◆ EXERCISE PROMPT:
Please write out all of the data below exactly, without including the pictures.

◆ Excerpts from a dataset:
——————

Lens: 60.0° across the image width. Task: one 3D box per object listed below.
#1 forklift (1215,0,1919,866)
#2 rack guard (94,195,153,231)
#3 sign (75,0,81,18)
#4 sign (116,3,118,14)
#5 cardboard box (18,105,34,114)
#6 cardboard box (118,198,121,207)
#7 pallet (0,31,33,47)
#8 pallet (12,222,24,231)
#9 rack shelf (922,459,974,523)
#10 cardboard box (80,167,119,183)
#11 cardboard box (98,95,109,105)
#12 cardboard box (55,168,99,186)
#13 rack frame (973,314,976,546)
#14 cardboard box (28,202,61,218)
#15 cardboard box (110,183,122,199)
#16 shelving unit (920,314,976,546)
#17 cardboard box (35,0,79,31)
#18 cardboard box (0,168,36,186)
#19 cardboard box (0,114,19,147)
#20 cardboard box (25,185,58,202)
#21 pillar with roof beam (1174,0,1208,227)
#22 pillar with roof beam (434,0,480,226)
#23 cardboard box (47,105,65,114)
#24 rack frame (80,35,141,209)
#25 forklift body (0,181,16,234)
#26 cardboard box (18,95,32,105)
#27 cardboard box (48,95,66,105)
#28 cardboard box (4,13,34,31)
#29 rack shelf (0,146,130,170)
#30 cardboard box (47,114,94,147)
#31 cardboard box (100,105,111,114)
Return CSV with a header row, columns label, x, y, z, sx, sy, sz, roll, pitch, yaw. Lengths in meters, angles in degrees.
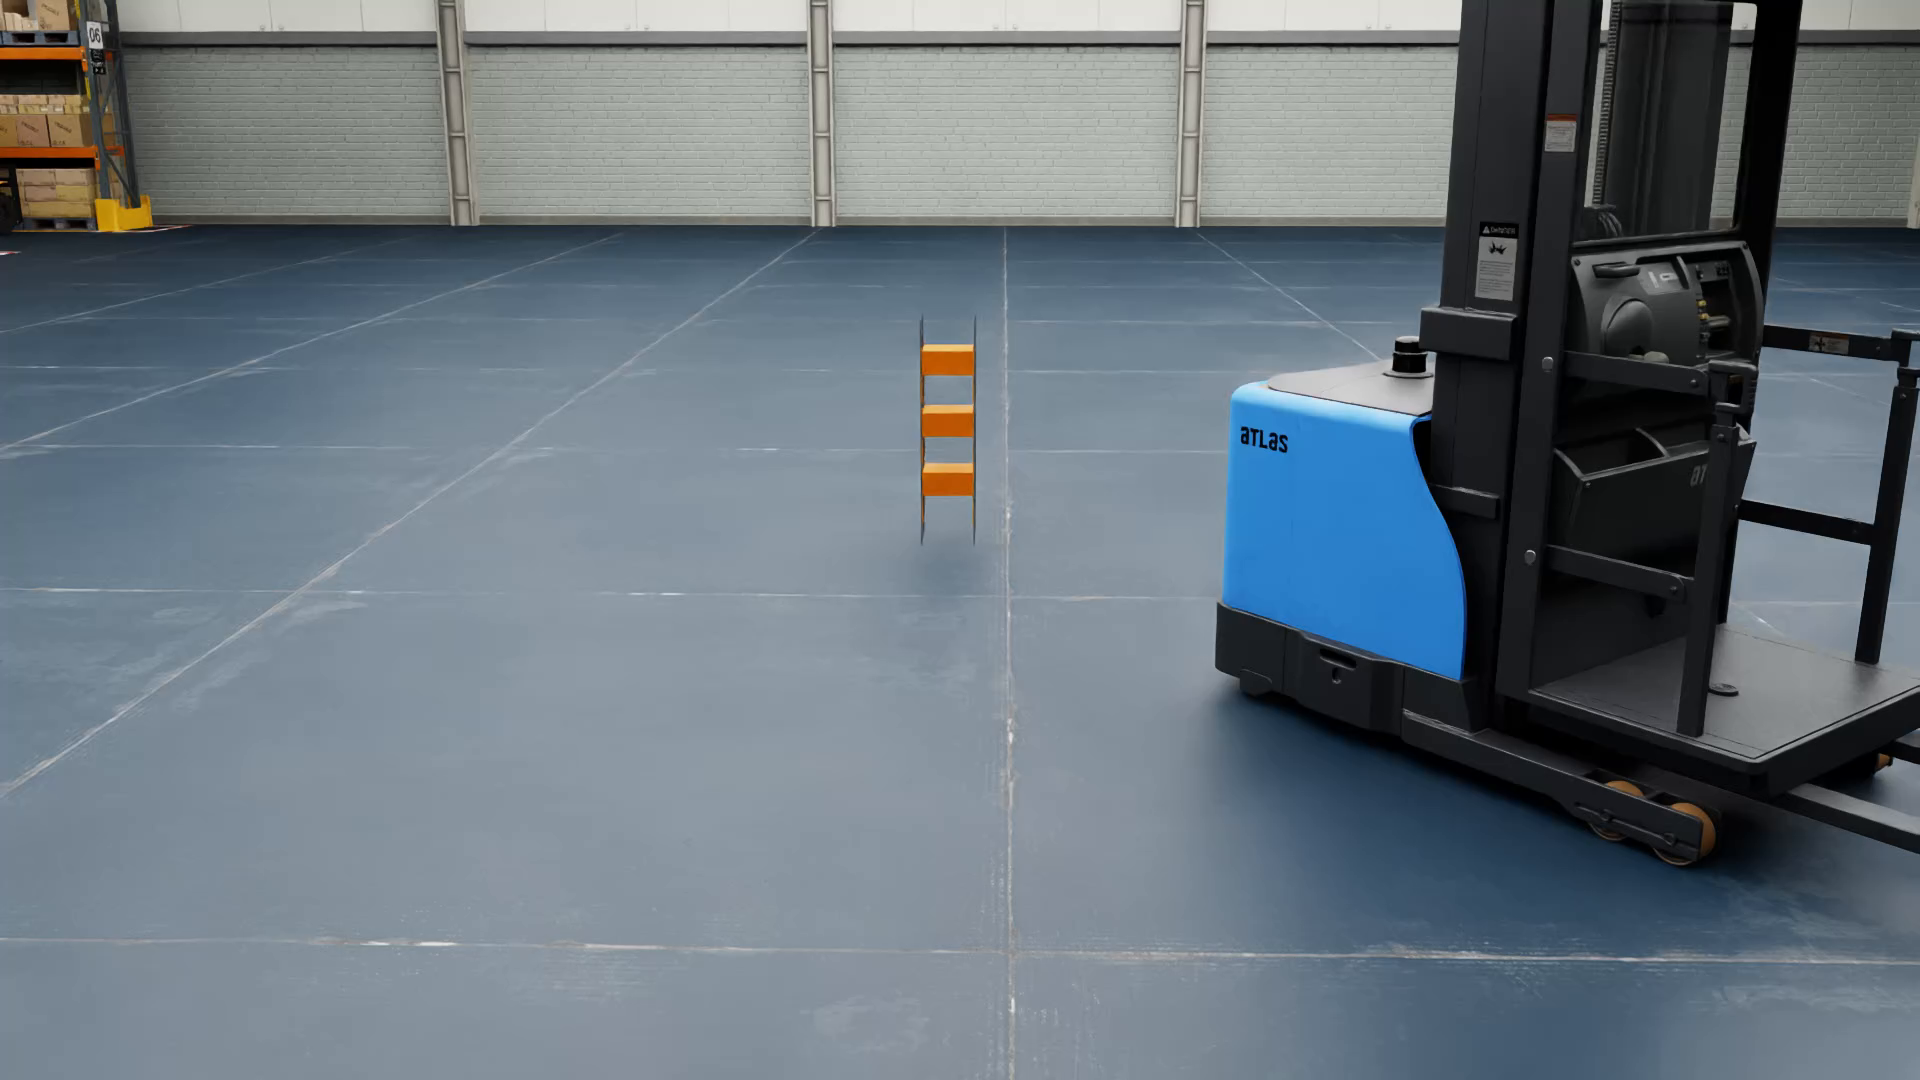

——————

◆ WRITTEN ANSWER:
Lens: 60.0° across the image width. Task: one 3D box per object listed below.
#1 forklift (1215,0,1919,866)
#2 rack guard (94,195,153,231)
#3 sign (75,0,81,18)
#4 sign (116,3,118,14)
#5 cardboard box (18,105,34,114)
#6 cardboard box (118,198,121,207)
#7 pallet (0,31,33,47)
#8 pallet (12,222,24,231)
#9 rack shelf (922,459,974,523)
#10 cardboard box (80,167,119,183)
#11 cardboard box (98,95,109,105)
#12 cardboard box (55,168,99,186)
#13 rack frame (973,314,976,546)
#14 cardboard box (28,202,61,218)
#15 cardboard box (110,183,122,199)
#16 shelving unit (920,314,976,546)
#17 cardboard box (35,0,79,31)
#18 cardboard box (0,168,36,186)
#19 cardboard box (0,114,19,147)
#20 cardboard box (25,185,58,202)
#21 pillar with roof beam (1174,0,1208,227)
#22 pillar with roof beam (434,0,480,226)
#23 cardboard box (47,105,65,114)
#24 rack frame (80,35,141,209)
#25 forklift body (0,181,16,234)
#26 cardboard box (18,95,32,105)
#27 cardboard box (48,95,66,105)
#28 cardboard box (4,13,34,31)
#29 rack shelf (0,146,130,170)
#30 cardboard box (47,114,94,147)
#31 cardboard box (100,105,111,114)
Return CSV with a header row, columns label, x, y, z, sx, sy, sz, roll, pitch, yaw. Lengths in meters, angles in degrees.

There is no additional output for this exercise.